Full disclosure: that title is total link bait.

And now that you’re here, I have to say it worked beautifully.

The real story is one of my experiences over the past few years being a generally demure and shrugging type learning to use more confident language when interacting with people.

Also, it’s a story of how to work with clients so that your clients love you and especially in a world where you can do entire jobs for people across the world without ever hearing their voice, your email writing style defines a proportionately huge part of how they see you.

HOW TO COMMUNICATE SO PEOPLE HEAR YOU

Think about people who other people love. George Clooney in Ocean’s Eleven (also, Pitt in that one). Go watch McConaughey in Lincoln Lawyer or True Detective. Robert California, the Office character.

They don’t have to be movie stars, but those are the ones we all recognize and I can most easily reference. Maybe you have a father or uncle or friend who always seems to know what to say, always has a measured presence.

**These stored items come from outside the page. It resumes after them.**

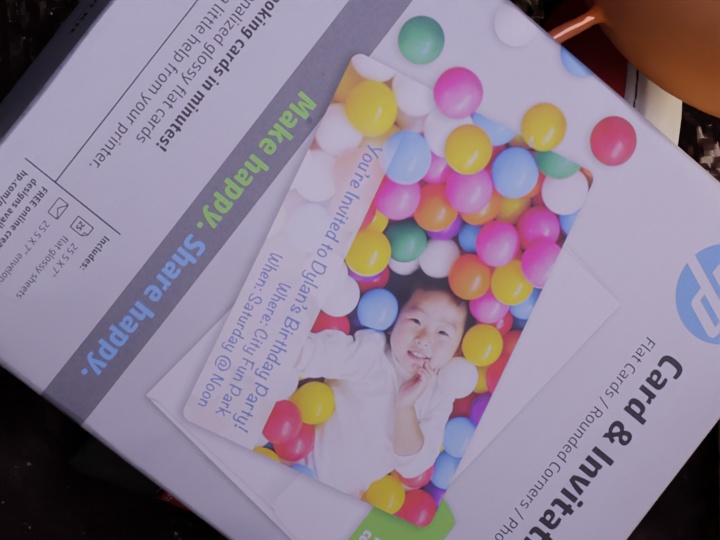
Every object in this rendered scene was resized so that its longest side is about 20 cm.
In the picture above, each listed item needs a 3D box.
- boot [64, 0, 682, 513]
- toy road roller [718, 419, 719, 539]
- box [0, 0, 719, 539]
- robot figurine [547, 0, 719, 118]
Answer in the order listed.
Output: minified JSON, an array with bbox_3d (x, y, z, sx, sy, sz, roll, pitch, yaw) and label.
[{"bbox_3d":[0.000,-0.014,0.813,0.144,0.072,0.200,30,76,-17],"label":"boot"},{"bbox_3d":[0.218,0.075,0.859,0.199,0.146,0.123,3,82,-25],"label":"toy road roller"},{"bbox_3d":[0.000,0.000,0.754,0.200,0.041,0.156,40,86,-17],"label":"box"},{"bbox_3d":[0.131,-0.123,0.796,0.144,0.117,0.200,41,70,-19],"label":"robot figurine"}]
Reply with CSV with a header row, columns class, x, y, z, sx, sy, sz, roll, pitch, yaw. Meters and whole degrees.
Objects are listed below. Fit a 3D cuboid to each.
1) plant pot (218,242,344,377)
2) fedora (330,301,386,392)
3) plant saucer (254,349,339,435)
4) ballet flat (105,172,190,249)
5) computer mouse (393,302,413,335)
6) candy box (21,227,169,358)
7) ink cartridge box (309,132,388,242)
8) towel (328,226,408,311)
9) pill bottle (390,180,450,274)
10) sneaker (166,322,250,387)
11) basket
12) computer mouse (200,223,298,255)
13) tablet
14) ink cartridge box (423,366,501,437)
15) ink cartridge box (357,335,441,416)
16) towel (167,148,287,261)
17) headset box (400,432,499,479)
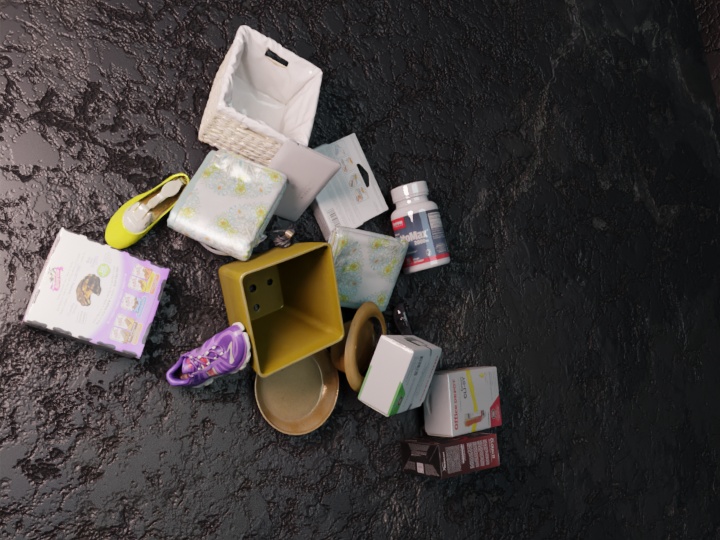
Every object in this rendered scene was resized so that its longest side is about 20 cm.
class,x,y,z,sx,sy,sz,roll,pitch,yaw
plant pot,-0.171,0.055,1.207,0.198,0.175,0.204,-22,114,-34
fedora,-0.011,0.163,1.345,0.200,0.080,0.205,-8,98,-63
plant saucer,-0.137,0.240,1.302,0.197,0.035,0.205,7,78,-33
ballet flat,-0.398,-0.120,1.171,0.067,0.067,0.200,50,60,-13
computer mouse,0.117,0.173,1.479,0.033,0.059,0.204,-18,98,7
candy box,-0.465,0.044,1.098,0.198,0.071,0.171,25,70,-28
ink cartridge box,-0.046,-0.194,1.426,0.172,0.043,0.203,-30,99,-33
towel,0.000,0.000,1.364,0.197,0.048,0.174,9,112,-32
pill bottle,0.137,-0.103,1.485,0.118,0.119,0.204,-13,89,-33
sneaker,-0.276,0.165,1.125,0.083,0.199,0.082,0,58,-59
basket,-0.206,-0.342,1.267,0.196,0.160,0.204,22,67,-28
computer mouse,-0.224,-0.058,1.241,0.195,0.110,0.045,-5,106,0
tablet,-0.142,-0.180,1.276,0.128,0.200,0.014,20,47,-28
ink cartridge box,0.246,0.313,1.494,0.197,0.083,0.149,2,82,-42
ink cartridge box,0.090,0.223,1.348,0.199,0.083,0.149,14,98,-65
towel,-0.252,-0.133,1.195,0.168,0.048,0.202,21,63,7
headset box,0.213,0.421,1.434,0.197,0.148,0.077,0,81,-32
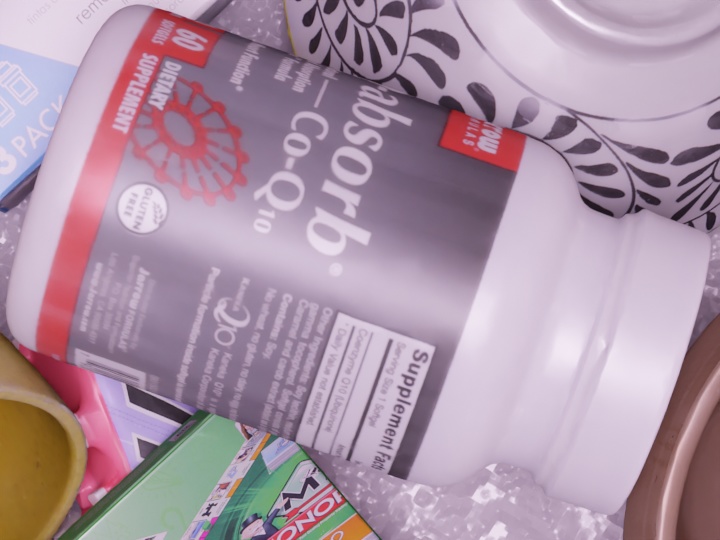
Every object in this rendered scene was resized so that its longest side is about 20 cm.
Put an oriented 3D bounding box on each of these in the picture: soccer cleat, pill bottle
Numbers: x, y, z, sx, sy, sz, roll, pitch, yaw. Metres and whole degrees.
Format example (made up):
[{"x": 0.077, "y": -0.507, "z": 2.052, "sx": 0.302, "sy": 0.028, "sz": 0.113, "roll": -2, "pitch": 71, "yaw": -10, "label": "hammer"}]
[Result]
[{"x": -0.056, "y": 0.083, "z": 1.015, "sx": 0.076, "sy": 0.067, "sz": 0.200, "roll": -23, "pitch": 89, "yaw": -23, "label": "soccer cleat"}, {"x": 0.000, "y": 0.000, "z": 0.926, "sx": 0.200, "sy": 0.116, "sz": 0.116, "roll": 19, "pitch": 90, "yaw": 0, "label": "pill bottle"}]

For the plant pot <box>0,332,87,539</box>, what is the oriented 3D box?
[{"x": -0.210, "y": 0.047, "z": 0.956, "sx": 0.200, "sy": 0.200, "sz": 0.142, "roll": -34, "pitch": 67, "yaw": -1, "label": "plant pot"}]

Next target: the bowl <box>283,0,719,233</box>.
[{"x": 0.080, "y": -0.107, "z": 0.977, "sx": 0.201, "sy": 0.094, "sz": 0.201, "roll": 2, "pitch": 80, "yaw": -12, "label": "bowl"}]

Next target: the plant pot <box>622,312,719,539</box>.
[{"x": 0.165, "y": 0.082, "z": 0.987, "sx": 0.201, "sy": 0.093, "sz": 0.201, "roll": -3, "pitch": 97, "yaw": -23, "label": "plant pot"}]

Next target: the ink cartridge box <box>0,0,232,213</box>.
[{"x": -0.150, "y": -0.130, "z": 1.003, "sx": 0.115, "sy": 0.068, "sz": 0.200, "roll": -44, "pitch": 91, "yaw": -2, "label": "ink cartridge box"}]

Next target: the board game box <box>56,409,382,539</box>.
[{"x": -0.069, "y": 0.151, "z": 0.959, "sx": 0.200, "sy": 0.029, "sz": 0.135, "roll": -42, "pitch": 97, "yaw": -13, "label": "board game box"}]
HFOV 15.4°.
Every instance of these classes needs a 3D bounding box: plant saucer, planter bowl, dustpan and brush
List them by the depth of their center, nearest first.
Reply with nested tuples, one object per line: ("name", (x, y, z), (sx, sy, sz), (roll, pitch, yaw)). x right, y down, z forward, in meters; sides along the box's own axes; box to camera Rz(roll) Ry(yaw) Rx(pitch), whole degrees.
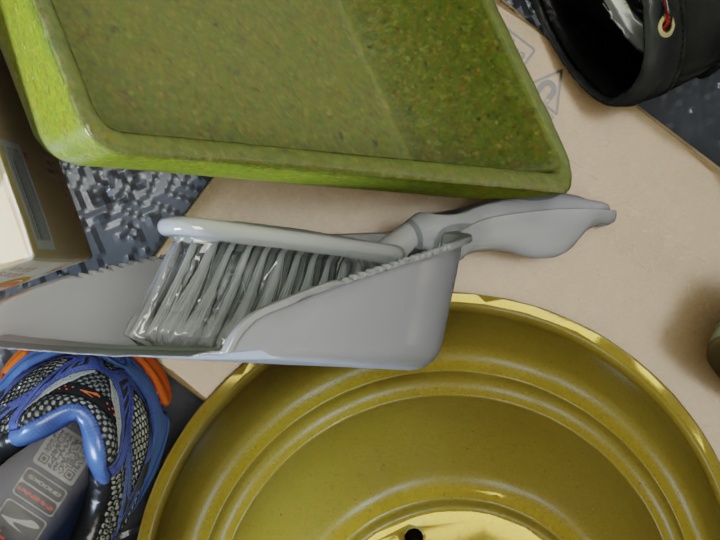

Whenever you write an email, read it with their voice.

Does it sound like them?

Because a lot of my first draft emails don’t. They concede power all over the place and use sloppy self degrading language like “I know you’re busy” and “if it’s not too much bother for you” instead of just being forward and saying what you need to say. Be efficient, don’t waste your time with this email.

It’s not an ego thing. There are people who claw their way to feeling important with this method (Trump springs to mind) and it’s still effective (Trump’s political success springs to mind) but ultimately maybe done for the wrong reasons. It doesn’t have to be self gratifying at all.

What you’re trying to do is establish your seat at the table.

And let’s be honest, you’re allowed a seat at any table.

If you don’t think you do, you never will be.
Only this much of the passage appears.